Disillusioned's picture

From the beginning that DH and I have been together, we have always rotated families for Christmas Dinner, which always revolved around which year he had his daughters. So one year his daughters would be with BM on Christmas Eve and day, then with us in the afternoon and for Christmas dinner

On the alternating years we would have DH's daughters on Christmas eve and day, and then in the afternoon they would go to BM's...so regardless of whose year it was, both DH and BM always had the girls at some point on Christmas Day

So on the year's that we had DH's daughters, I always had Christmas dinner with DH's family, and on the years the girls were with their Mom for Christmas dinner, DH and I had Christmas dinner at my family's

Then one day BM just decided she would have Christmas dinner whenever, and it was up to the girls where they would go. The girls were adults then so no problem, DH and I continued to rotate. I always however went out of my way to try to arrange for DH and I to spend Christmas dinner with his family, if this is when his daughters decided they would have dinner with his family

Then YSD moved out west, and now comes home on average twice a year. I've continued to work around DH's life so for example, it was my turn last year to host my family's Christmas. I hosted on Boxing Day, which actually put some of my siblings out, so that we could once again spend it with DH's family on Christmas Day dinner, even though technically it was our turn to see my family. This caused me some grief with my family, but I thought it's so important for DH to have Christmas dinner with YSD, and he doesn't see her every day, so I tended to always try to cater to him and her where I could

So, today DH gets a text message from YSD asking if we are spending Christmas dinner this year with my family, or with their side

I assume this means she wants to spend Christmas dinner with DH's family. I was as always going to find out whose turn on my family's side was hosting and which day, to do my best to accommodate DH, so he can have Xmas dinner with YSD

THEN however, before I had a chance, Dh suggests to me that we should be having Christmas dinner with his family again, because we should be spending it with YSD....he says it like it is absolutely selfish of me to even consider not spending Christmas dinner at his family's with YSD, and then justifies this that I see my family all the time, and he only sees his adult daughter a few weeks twice a year so in fact, we should spend EVERY Christmas dinner with his family from now on

So, I'm like, "let me get this straight - you're saying I should give up seeing my own family for Christmas dinner every single year, because your daughter only comes home twice a year, three weeks in the summer and three weeks over Christmas and therefore every single Christmas dinner should be spent with her at your family each and every time she decides to have Christmas dinner with your family (which is usually the case because BM prefers to have Xmas dinner on Christmas Eve instead)
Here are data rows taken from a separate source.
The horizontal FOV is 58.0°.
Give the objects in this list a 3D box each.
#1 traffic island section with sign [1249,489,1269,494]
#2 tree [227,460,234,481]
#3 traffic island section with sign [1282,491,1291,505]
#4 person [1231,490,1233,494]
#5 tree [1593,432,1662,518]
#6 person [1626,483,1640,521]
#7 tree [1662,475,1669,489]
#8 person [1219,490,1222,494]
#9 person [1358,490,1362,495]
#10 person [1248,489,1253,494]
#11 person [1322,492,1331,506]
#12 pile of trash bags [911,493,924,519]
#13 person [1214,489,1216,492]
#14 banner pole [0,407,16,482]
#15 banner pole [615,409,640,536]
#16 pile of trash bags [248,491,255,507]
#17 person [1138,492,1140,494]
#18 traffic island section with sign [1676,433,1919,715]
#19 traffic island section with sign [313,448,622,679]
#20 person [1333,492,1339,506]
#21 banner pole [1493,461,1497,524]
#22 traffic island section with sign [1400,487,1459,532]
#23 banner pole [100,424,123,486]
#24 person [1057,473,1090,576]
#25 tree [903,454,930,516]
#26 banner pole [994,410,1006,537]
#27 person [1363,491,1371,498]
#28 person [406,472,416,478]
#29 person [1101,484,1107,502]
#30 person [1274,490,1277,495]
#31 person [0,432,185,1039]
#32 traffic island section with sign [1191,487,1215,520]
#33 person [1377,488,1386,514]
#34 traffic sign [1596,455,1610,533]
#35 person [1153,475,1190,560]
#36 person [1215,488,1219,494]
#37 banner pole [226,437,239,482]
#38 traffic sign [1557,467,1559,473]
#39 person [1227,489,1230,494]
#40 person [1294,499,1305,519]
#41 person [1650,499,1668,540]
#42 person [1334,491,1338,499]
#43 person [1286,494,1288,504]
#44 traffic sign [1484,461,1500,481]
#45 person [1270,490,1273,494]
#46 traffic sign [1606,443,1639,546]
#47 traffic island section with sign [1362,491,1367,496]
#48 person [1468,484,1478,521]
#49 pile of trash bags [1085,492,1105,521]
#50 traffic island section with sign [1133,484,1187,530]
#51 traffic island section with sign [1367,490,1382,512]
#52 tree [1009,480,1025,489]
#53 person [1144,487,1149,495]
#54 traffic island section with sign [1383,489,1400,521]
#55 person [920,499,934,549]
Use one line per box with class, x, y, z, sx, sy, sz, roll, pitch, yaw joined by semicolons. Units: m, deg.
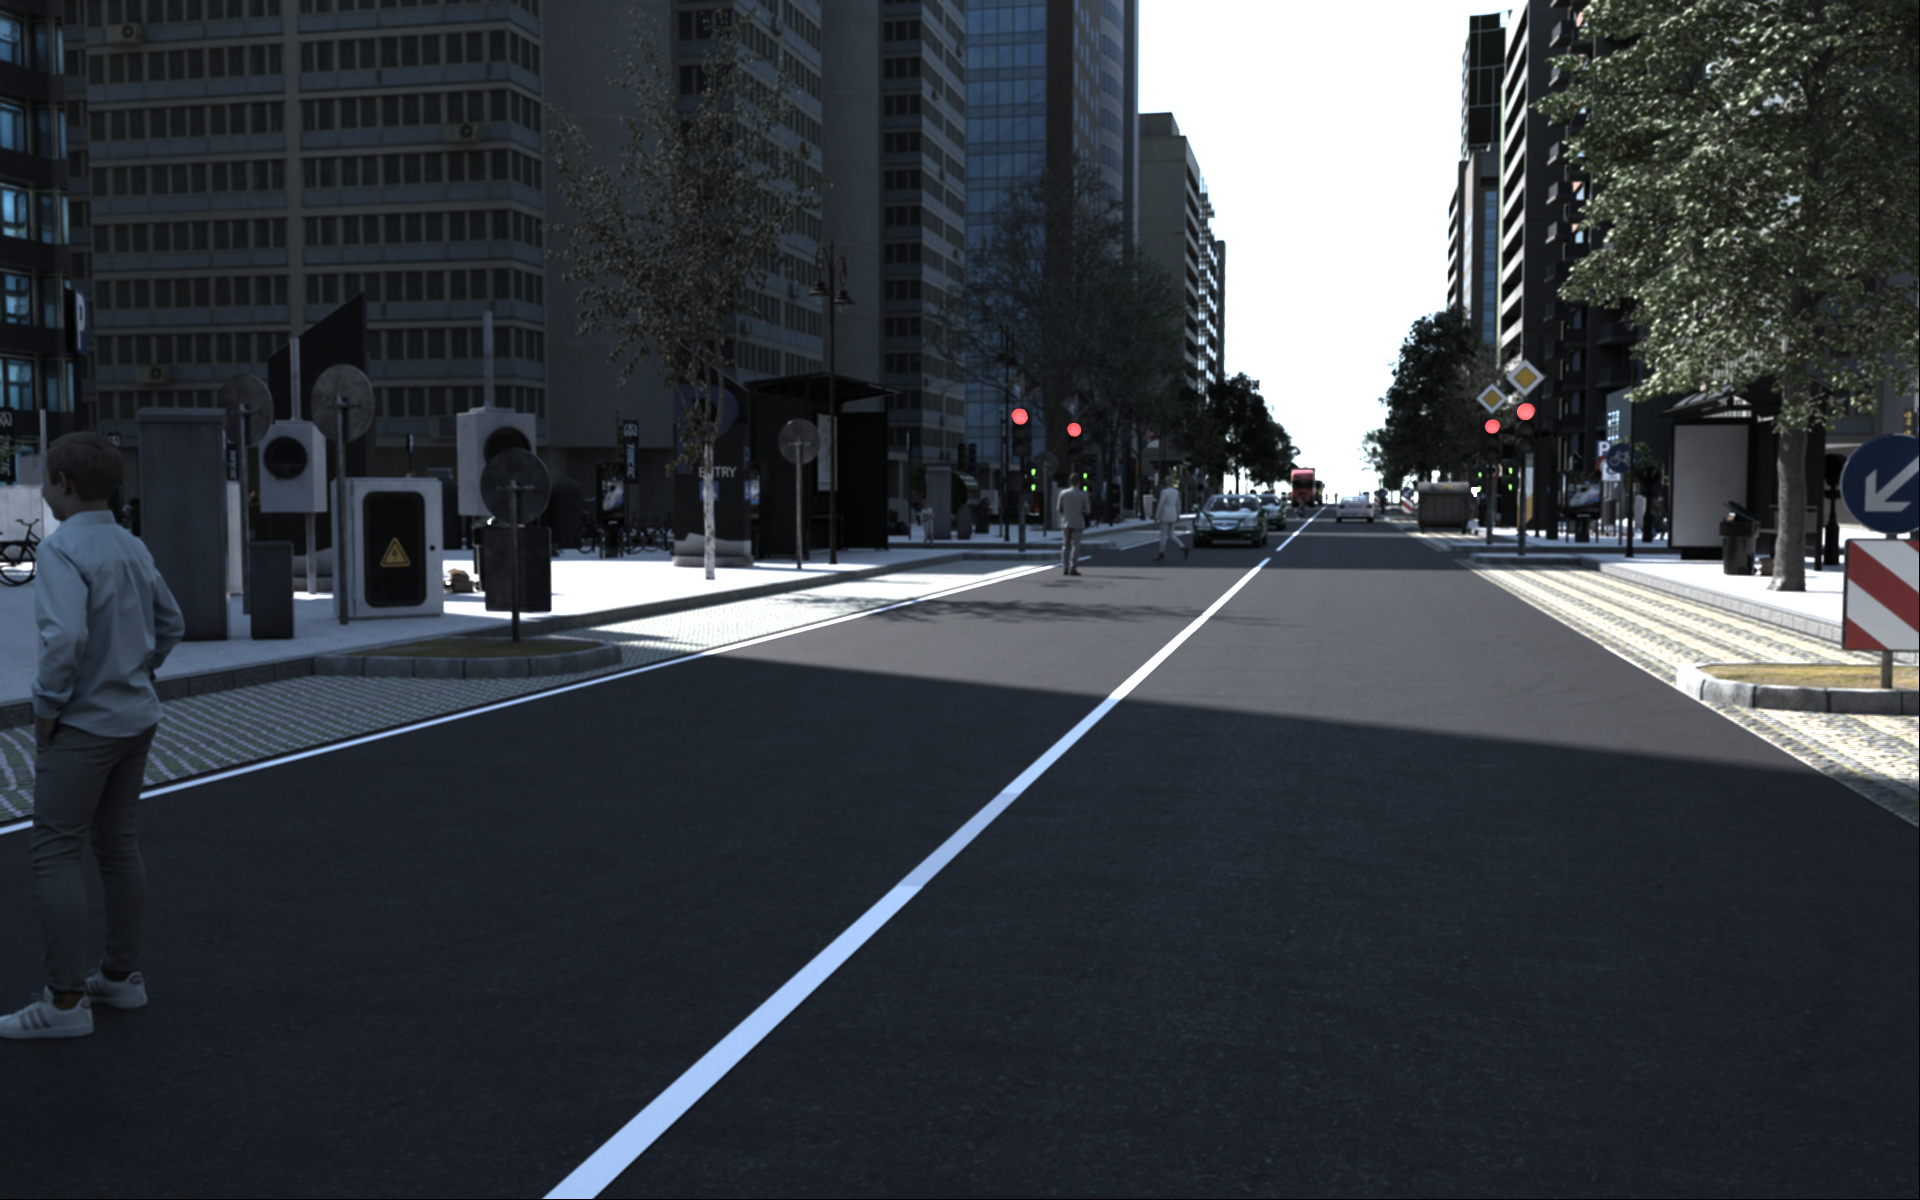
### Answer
traffic island section with sign;24.379;-8.254;143.579;1.989;1.847;2.006;1;4;12
tree;-18.278;-2.872;41.559;1.663;3.219;1.824;0;3;0
traffic island section with sign;47.893;-14.823;250.981;1.989;1.847;2.006;1;4;12
person;30.592;-11.473;194.446;0.721;1.723;1.217;-2;4;-27
tree;35.546;-6.630;92.122;4.285;4.588;4.351;0;3;0
person;32.521;-4.739;83.695;0.590;1.801;0.661;-1;4;-18
tree;28.287;-4.423;66.919;1.663;3.219;1.824;0;3;0
person;26.248;-10.308;175.510;0.756;1.711;0.436;0;4;5
person;31.128;-7.722;135.277;0.721;1.766;1.217;-1;4;-20
person;22.182;-7.554;132.002;1.348;1.824;0.705;3;5;42
person;45.845;-12.681;216.545;1.217;1.735;0.721;1;4;21
pile of trash bags;-2.245;-4.678;86.235;1.912;1.369;3.447;1;4;21
person;28.244;-11.381;192.213;0.705;1.812;1.348;0;4;6
banner pole;-24.291;-3.289;43.785;0.863;3.779;0.401;0;4;-7
banner pole;-9.920;-3.754;51.391;0.863;3.779;0.401;-1;4;-18
pile of trash bags;-48.671;-6.887;122.361;3.447;1.369;1.912;-2;4;-35
person;13.728;-7.857;135.184;1.217;1.739;0.721;1;4;20
traffic island section with sign;6.169;-0.213;12.108;1.989;1.847;2.006;1;4;12
traffic island section with sign;-3.918;-0.348;14.318;1.989;1.847;2.006;1;4;12
person;44.829;-12.071;206.648;0.721;1.735;1.217;-3;4;-36
banner pole;23.040;-5.167;74.496;0.401;3.779;0.863;1;4;17
traffic island section with sign;18.049;-3.533;66.393;1.989;1.847;2.006;1;4;12
banner pole;-30.358;-4.397;61.901;0.863;3.779;0.401;0;4;-4
person;2.029;-1.340;30.613;0.606;1.804;0.583;1;4;14
tree;-1.756;-5.406;82.995;1.663;3.219;1.824;0;3;0
banner pole;1.279;-3.757;51.444;0.401;3.779;0.863;-1;4;-14
person;53.672;-13.484;228.943;1.348;1.826;0.705;1;4;17
person;-12.255;-1.981;38.850;0.534;1.772;0.576;-3;5;-41
person;8.297;-5.638;98.088;0.638;1.841;0.748;0;4;-5
person;43.804;-14.396;241.284;0.599;1.838;0.709;1;4;19
person;-2.394;0.338;4.777;0.330;1.601;0.589;1;4;15
traffic island section with sign;13.717;-5.279;94.935;1.989;1.847;2.006;1;4;12
person;29.962;-7.029;123.289;0.599;1.838;0.709;-1;4;-9
traffic sign;20.835;-3.400;55.688;0.768;2.556;0.104;1;4;20
person;4.554;-1.771;37.339;0.818;1.842;0.514;2;4;29
person;19.299;-7.591;130.872;0.721;1.735;1.217;-2;4;-32
banner pole;-24.836;-4.252;59.537;0.401;3.779;0.863;2;4;33
traffic sign;24.802;-4.452;72.889;0.768;2.556;0.104;1;4;21
person;28.248;-10.723;181.384;0.705;1.821;1.348;3;4;36
person;19.664;-5.291;100.513;0.738;1.151;1.012;1;4;20
person;19.554;-2.246;48.260;1.012;1.151;0.738;1;4;10
person;54.442;-14.796;250.287;0.709;1.838;0.599;3;5;39
person;40.749;-12.507;216.218;0.599;1.433;0.991;1;4;14
traffic sign;20.158;-4.026;65.929;0.768;2.556;0.104;1;4;22
person;23.237;-7.362;129.545;0.721;1.739;1.217;-2;4;-34
traffic sign;16.453;-2.628;43.080;0.768;2.556;0.104;1;4;21
traffic island section with sign;40.316;-9.756;168.130;1.989;1.847;2.006;1;4;12
person;24.594;-4.687;83.039;0.532;1.782;0.716;-1;4;-14
pile of trash bags;6.228;-4.607;85.077;1.912;1.369;3.447;0;4;1
traffic island section with sign;7.964;-3.668;68.598;1.989;1.847;2.006;1;4;12
traffic island section with sign;34.548;-8.142;141.742;1.989;1.847;2.006;1;4;12
tree;3.857;-7.756;121.413;1.663;3.219;1.824;0;3;0
person;16.212;-8.790;149.387;0.705;1.869;1.348;3;4;37
traffic island section with sign;23.816;-5.145;92.752;1.989;1.847;2.006;1;4;12
person;-0.790;-1.890;43.686;0.394;1.301;0.425;3;4;38

DH says yes, this is correct. He again says that we see my family all the time, so what's the big deal if we don't have Christmas dinner together, as in ever????

I ask him does he not think it's important to my own family and I to have Christmas dinner together? So WHAT if we see each other more often, why should we give up Christmas dinner together EVERY year JUST because his adult daughter moved away from home out west

Am I on crack, or is this just another selfish unforgiving thing our DH's expect from us second-class second wives?

Grrrrr!!!!

Disillusioned's picture

Oh, forgot to add that I then told DH that the perfect solution is that he spend EVERY Christmas dinner with his family from now on, and I will spend every single one with my family too. Pathetic at this stage in our marriage that is where it's at. And made sure I mentioned to him that after all the years I have sacrificed my family for his, with no appreciation whatsoever (not that I expected any) but still, did not expect this selfishness, I am just done doing anything self-sacrificing for him or his family any longer. Period

Disillusioned's picture

Thank you notasm3, that was exactly what I was thinking, but really needed to know I haven't lost my mind!

Disillusioned's picture

Those are such good points Alzeka! Dh's daughter's do next to nothing for him. Grace him with their presence once in a while. When he has been sick, in emergency at the hospital and they have been fully aware, they did nothing. They both seem to think they are victim's, and DH 'owes' them therefore it's okay to shit on him, but that is a whole other rant. But you are right, it's still them - YSD really - that DH will cater too, NOT his wife who is the one looking after him and the one who has made a huge effort to always put him and his children first

Yes time to be selfish, you are correct. I really from this point on am just going to do the 'right' thing, including what is right for me and my family too!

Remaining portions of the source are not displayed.